* **TASK PROMPT**
Copy nothing from the entries below except the lines from the one containing "Numbers: x, y, z, sx, sy, sz, roll, pitch, yaw." through the one containing "Horizontal FOV: 99.7°.", and copy those exactly.

* **EXERCISE INPUT**

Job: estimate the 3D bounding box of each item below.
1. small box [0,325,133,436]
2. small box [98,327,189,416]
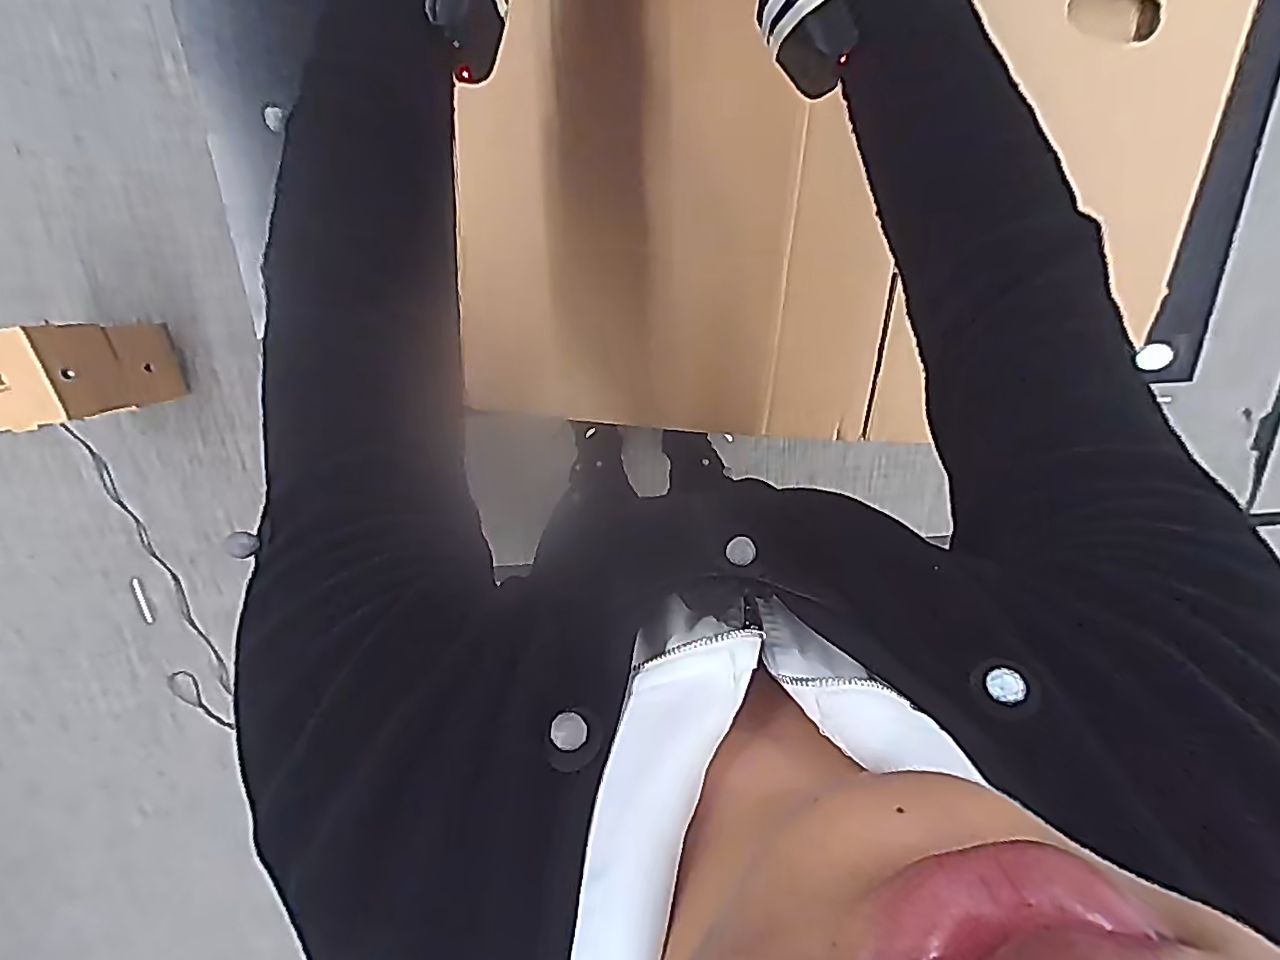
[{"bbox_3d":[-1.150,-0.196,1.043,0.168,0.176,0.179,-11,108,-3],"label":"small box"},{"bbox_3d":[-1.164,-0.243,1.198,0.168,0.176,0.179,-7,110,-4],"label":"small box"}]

...

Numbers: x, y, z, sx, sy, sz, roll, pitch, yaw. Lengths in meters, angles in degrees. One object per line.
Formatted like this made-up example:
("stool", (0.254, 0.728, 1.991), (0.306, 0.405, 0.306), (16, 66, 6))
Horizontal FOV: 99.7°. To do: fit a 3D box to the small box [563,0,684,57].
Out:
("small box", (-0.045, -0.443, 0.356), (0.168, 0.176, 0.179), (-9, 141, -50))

* **RESPONSE TO THE EXERCISE**
Numbers: x, y, z, sx, sy, sz, roll, pitch, yaw. Lengths in meters, angles in degrees. One object per line.
Formatted like this made-up example:
("stool", (0.254, 0.728, 1.991), (0.306, 0.405, 0.306), (16, 66, 6))
Horizontal FOV: 99.7°. To do: fit a 3D box to the small box [563,0,684,57].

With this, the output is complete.